Insulin resistance, the metabolic syndrome, and incident cardiovascular events in the Framingham Offspring Study

The metabolic syndrome and insulin resistance have been related to incident cardiovascular disease (CVD), but it is uncertain if metabolic syndrome predicts CVD independent of insulin resistance. Our study sample included 2,898 people without diabetes or CVD at baseline. Metabolic syndrome was defined by the National Cholesterol Education Program (NCEP) Expert Panel on Detection, Evaluation, and Treatment of High Blood Cholesterol in Adults (Adult Treatment Panel III) criteria. Insulin resistance was defined by the homeostasis model assessment (HOMAIR) and by Gutt et al.'s insulin sensitivity index (ISI0,120). Age- and sex-adjusted proportional hazards regression models assessed the association of baseline metabolic syndrome and insulin resistance to 7-year CVD risk (186 events).

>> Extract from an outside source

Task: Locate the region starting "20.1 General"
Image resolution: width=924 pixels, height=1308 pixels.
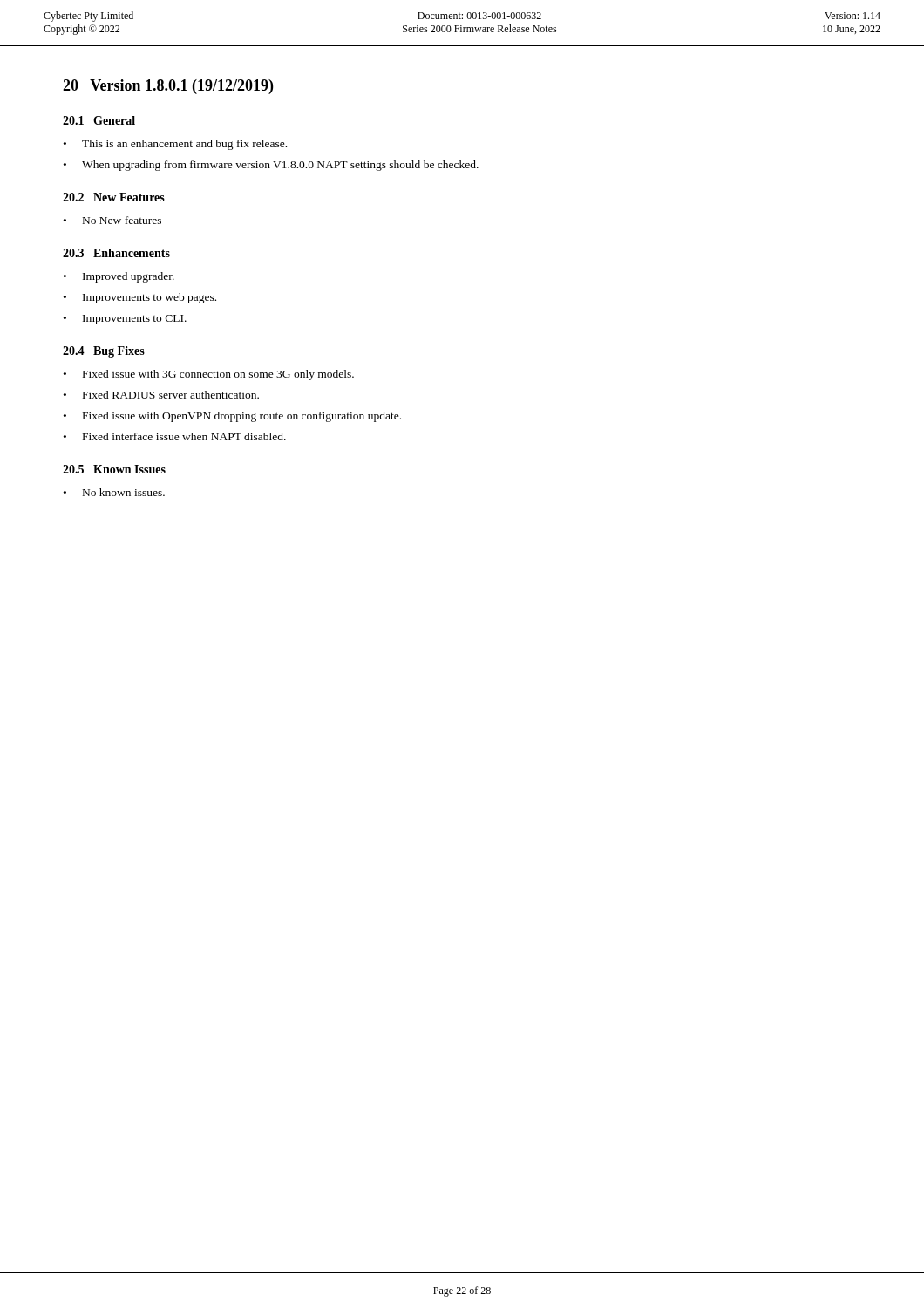Action: coord(99,121)

Metabolic syndrome and both measures of insulin resistance were individually related to incident CVD (age-and sex-adjusted hazard ratio [HR] for metabolic syndrome [present versus absent]: 2.0 [95% CI 1.5-2.6], P = 0.0001; for HOMA-IR: 1.9 [1.2-2.9], P = 0.003; and for ISI0,120 [both highest versus lowest quartilel: 0.5 [0.3-0.7], P = 0.001). In models adjusted for age, sex, LDL cholesterol, and smoking status and including metabolic syndrome, ISI0,120 levels were independently related to incident CVD (0.5 [0.3-0.8], P = 0.004), whereas HOMA-IR levels were not (1.3 [0.8-2.1], P = 0.24); metabolic syndrome was associated with increased CVD risk in both models (HR 1.6, P <= 0.007 in both). In conclusion, metabolic syndrome and ISI0,120 but not HOMA-IR independently predicted incident CVD. Metabolic syndrome may not capture all the CVD risk associated with insulin resistance.